Depending on your security policies and routines, you may schedule certain scans to run on a daily or periodic basis. It is a good practice to run discovery scan checks more often–perhaps every week or even several times a week, depending on the importance or risk level of these assets.
As a best practice, you may want to discover privileged accounts manually and check if you have missed including any account for password management. Generally, it is a good idea to scan during off-hours, when more bandwidth is free and work disruption is less likely.
The account discovery engine uses the concept of management accounts to discover accounts on integrated assets. It helps in reconciling whether the vault consists of all privileged accounts which can be useful in environments that contain a large number of assets and privileged accounts. Furthermore, filtering out dead assets and discovering new accounts from the discovery job helps reduce manual efforts and risk from unknown accounts.
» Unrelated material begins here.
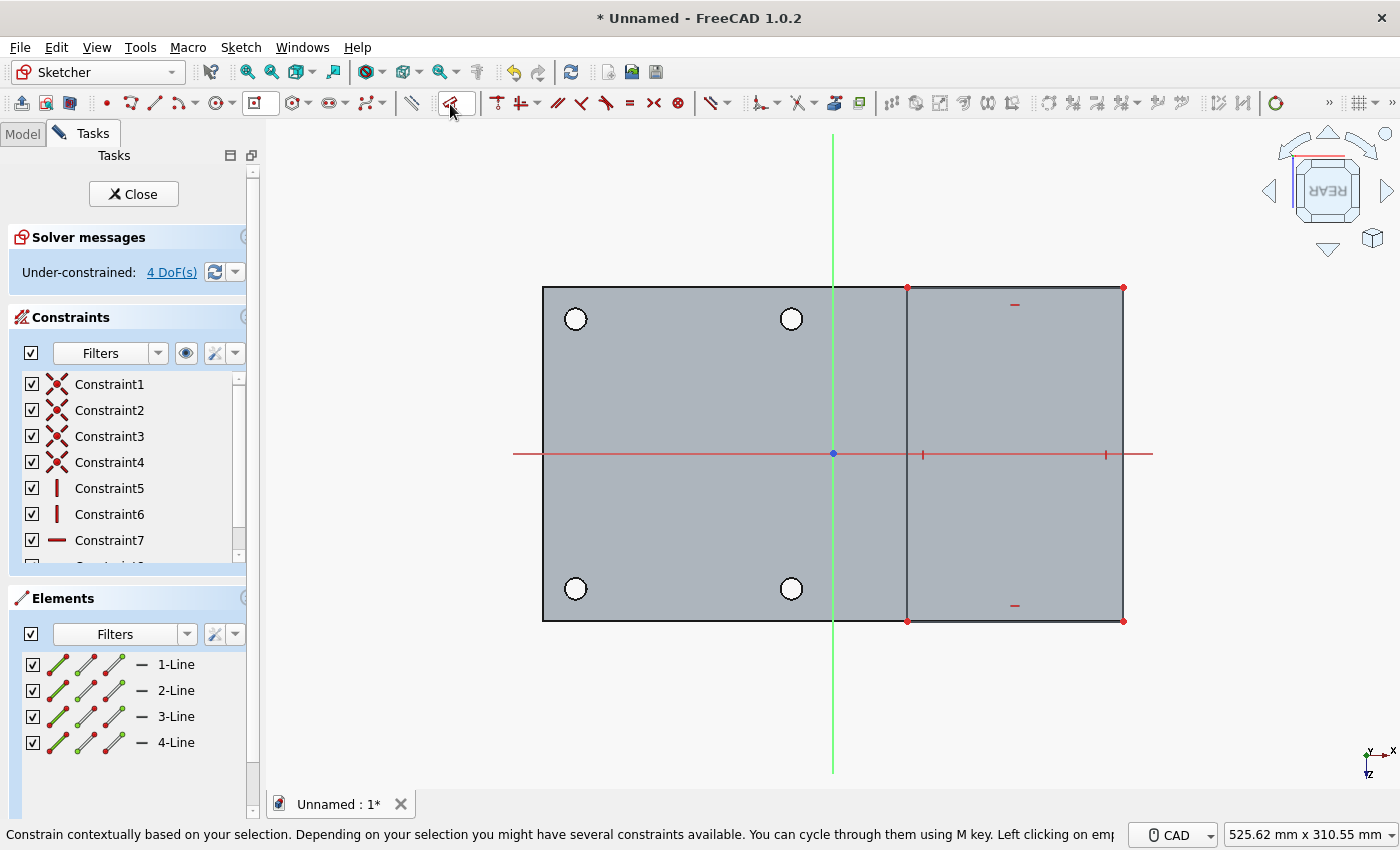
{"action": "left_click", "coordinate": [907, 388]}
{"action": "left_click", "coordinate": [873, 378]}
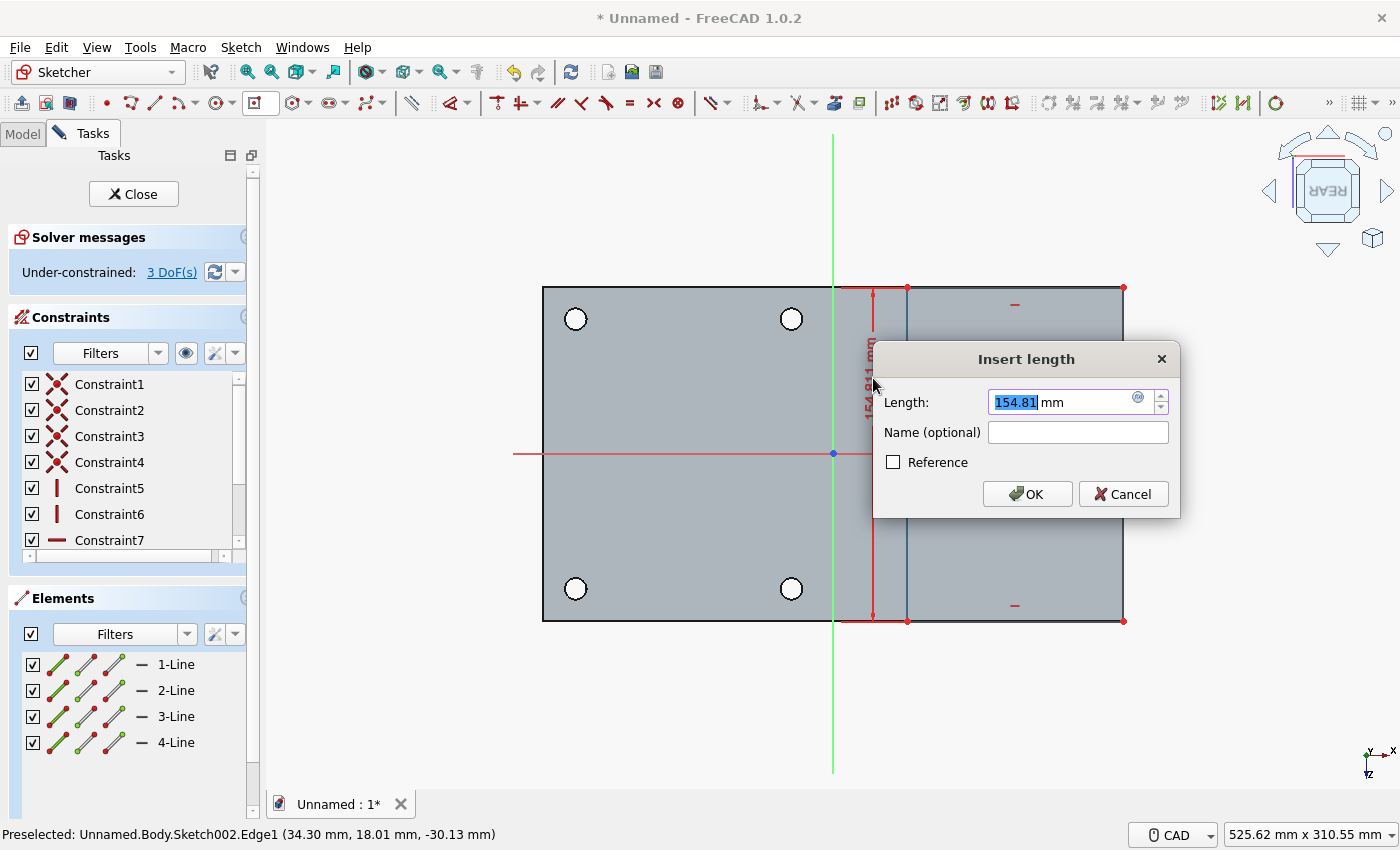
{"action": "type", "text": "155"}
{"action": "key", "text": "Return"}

If you schedule a scan to run on a repeating basis, note that a future scheduled scan job will not start until the preceding scheduled scan job is completed. If the preceding job is not completed by the time the next job is scheduled to start, an error message appears in the scan log.
The system uses management accounts for discovering other privileged accounts. Management accounts with required privileges can be part of the vault or can be separately configured in the system. Refer to section on Configuring credentials for more details. You can configure and provide as many management accounts as available in your platform environments.
Privilege requirement for executing Account Discovery Jobs
Category
Type
Min privilege required for onboarding
Minimum privilege required for onboarding and resetting password
Select the desired asset type from the drop-down menu.
Asset category
Select the asset category from the drop-down menu.
Schedule type
Select a schedule type whether you would like to initiate this job once or schedule a recurring job.
If you select a recurring job, you can choose days this job must be executed on.
For example, you want to schedule a job every second day at 5:pm to scan your network.
Recur every: 2 days Task Start: 01 Jan 2018 Schedule Start Time: 4.30 pm to 5.15 pm
Group Name
Select the groups on the Active Directory to be scanned.
Task Start
Select the date when the task begins
Schedule Time
You can either choose "Any" or schedule a proper time from when to start the task and when to end the task
Action
Onboard accounts
If you do not wish to onboard accounts discovered in a scan, you may set the Onboard Accounts option as 'No'. Refer to the section on Handling assets & accounts Manually for more details.
If you wish to onboard discovered accounts automatically to the Sectona PAM system, set Onboard Accounts option as 'Yes'. Please note that the password of the accounts will be reset when the accounts are on-boarded in the PAM by discovery. Refer to the section on Auto Onboarding discovered accounts for more details.
Exclude Account(s)
If you want to exclude accounts from the account discovery, you can mention the names of the accounts separated by a comma.
Tags (optional)
You can associate an account with your desired single or multiple tags like Infosec, Banking Core Server, ATM Switches, etc.